Forum Discussion
How to close sentinel incidents using PS
Hi Team,
Few days back, i have enabled default Analytics rules related to Azure Key Vault(AKV). After that i was hit with many incidents(approx 10K) got triggered related AKV. Now i want bulk close all of them using PS. Because on UI i can only close 100 incidents in one shot.
I also agree that i need to understand and fine tune the AKV detection rules thoroughly to avoid the alert fatigue.
Please help.
Thanks.
5 Replies
Hi, have a script that I have tested on 14K of incidents.
First open PowerShell as administrator and install Az PowerShell module:
Install-Module -Name Az -Repository PSGallery
Then Install Az.SecurityInsights module:
Install-Module -Name Az.SecurityInsights
Login to AZ with PowerShell:
Connect-AzAccount
Run this command to close incidents (replace xxxx with the needed information and YYY with the part of the name of similar incidents that you want to close):
Get-AzSentinelIncident -ResourceGroupName "xxxx" -WorkspaceName "xxxx" | Where-Object {$_.Status -eq "New"} | Where-Object {$_.title -like '*YYY*'} | ForEach-Object {Update-AzSentinelIncident -Id $_.Name -ResourceGroupName "xxxx" -WorkspaceName "xxxx" -SubscriptionId "xxxx" -Status Closed -Confirm:$false -Severity Medium -Classification Undetermined -Title $_.title}- Is there a way to do this with the new PS module? To close multiple incidents using the BenignPositive classification by Incident ID instead of the ARM ID?

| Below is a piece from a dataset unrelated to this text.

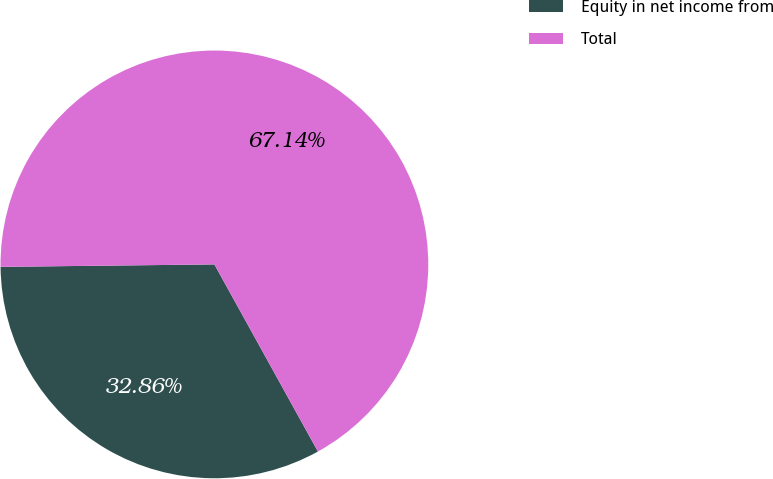Convert chart to OTSL. <chart><loc_0><loc_0><loc_500><loc_500><pie_chart><fcel>Equity in net income from<fcel>Total<nl><fcel>32.86%<fcel>67.14%<nl></chart>

get-AzSentinelIncident -WorkspaceName <"Workspace Name"> | ForEach-Object {update-AzSentinelIncident -WorkspaceName <"Workspace Name"> l -CaseNumber $_.CaseNumber -Status Closed -CloseReason FalsePositive -Confirm:$false}
Better late than never on this question...
There is now a really nice suite of powershell commands for Azure Sentinel.
Check this out:
https://www.pkm-technology.com/page/2/
https://www.powershellgallery.com/packages/AzSentinel/0.6.2
And to answer your question you could do a simple loop like this:
888..934| % {Update-AzSentinelIncident -WorkspaceName "<workspace name>" -CaseNumber $_ -Status Closed}In the above example I'm closing incidents with case numbers 888 to 934.
Pavan_Gelli1910 There are no supported PowerShell commands for working with Sentinel although the people at Wortell did an amazing job coming up with some PowerShell commands on their own that make use of the unsupported Azure Sentinel REST APIs calls.
With that said, depending on your level of PowerShell skill and using those commands as a baseline, you can go to the Azure Sentinel REST specification page at https://github.com/Azure/azure-rest-api-specs/tree/master/specification/securityinsights/resource-manager/Microsoft.SecurityInsights/preview/2019-01-01-preview to get information on the APIs that can be used to do what you want. A couple of things to remember:
1) Azure Sentinel used to be called Azure Security Insights, hence the API name
2) Incidents used to be called Cases so look for that in the API calls.